Others spoke of affordable access to health care and education for children as a strong motivator for trying to obtain a residence permit. This is not to suggest that protection or assistance is only available in Norway, or in theso-called destination countries. Several of the countries from which victims in Norway come, offer assistance. Nevertheless, the quality and availability of these services vary to a great extent, and may not always be, or be perceived as, a good or even possible alternative.41 For several reasons, most of our respondents did not consider going ‘home’ a real alternative. Said one woman:
My lawyer told me that IOM helps people return. I asked what kind of help they provide, can I stay with the IOM in Nigeria? No, after a month with assistance at the premises you’ll go on by yourself. I cried when I heard about that alternative. It would be hopeless to go back to Nigeria. I don’t know where the woman who brought me to Europe is. They can kill me.

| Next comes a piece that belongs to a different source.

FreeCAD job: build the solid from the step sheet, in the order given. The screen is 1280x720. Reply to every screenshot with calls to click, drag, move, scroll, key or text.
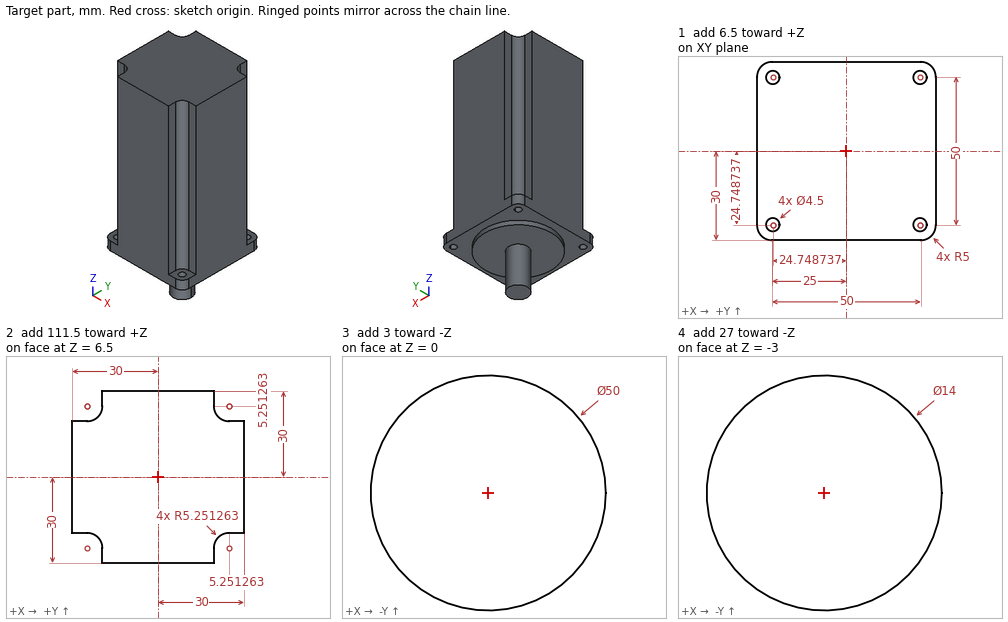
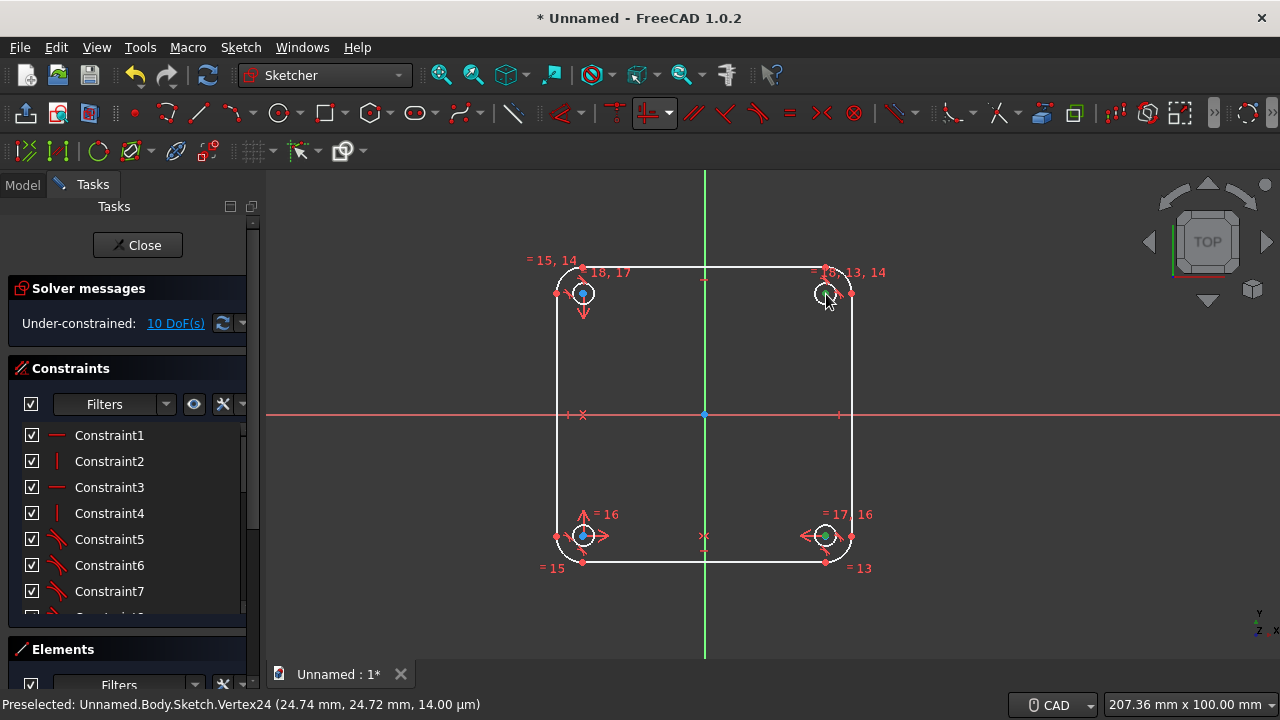
click(353, 415)

While several of the women we interviewed spoke of fear of traffickers, there were also other reasons. For instance, one had had a child out of wedlock and said that this effectively would exclude her from her family. In other cases, women spoke of deep poverty and lack of prospects for the future. For our respondents, even the possibility of permanent residence contributed strongly to motivating cooperation.
One consequence of linking prosecution and residence permits, as is done in Norway, is that access to this highly valued form of protection is unequally distributed. Victims’ ability to stay in Norway and receive assistance is linked not only to their willingness to cooperate, but also the usefulness of the information they share. And the actual outcome depends on investigations and police capacity, not least for cross border investigations. Whether charges are actually filed may also be influenced by previous court decisions and whether prosecutors assess that there is a chance of a successful trial. One respondent very clearly problematized the unequal ability to give useful information:
Sometimes when the police want the story and you tell them what you know, they say you’re lying because your information isn’t right, it doesn’t check out. If you live with the pimp, then maybe you can give useful information, but otherwise it’s almost impossible. None of the girls in the street have correct information about the pimps anyway. There’s so much bad stuff on the street, you need to be someone else, you need to use a fake name. If someone says their name is Joy, it never really is.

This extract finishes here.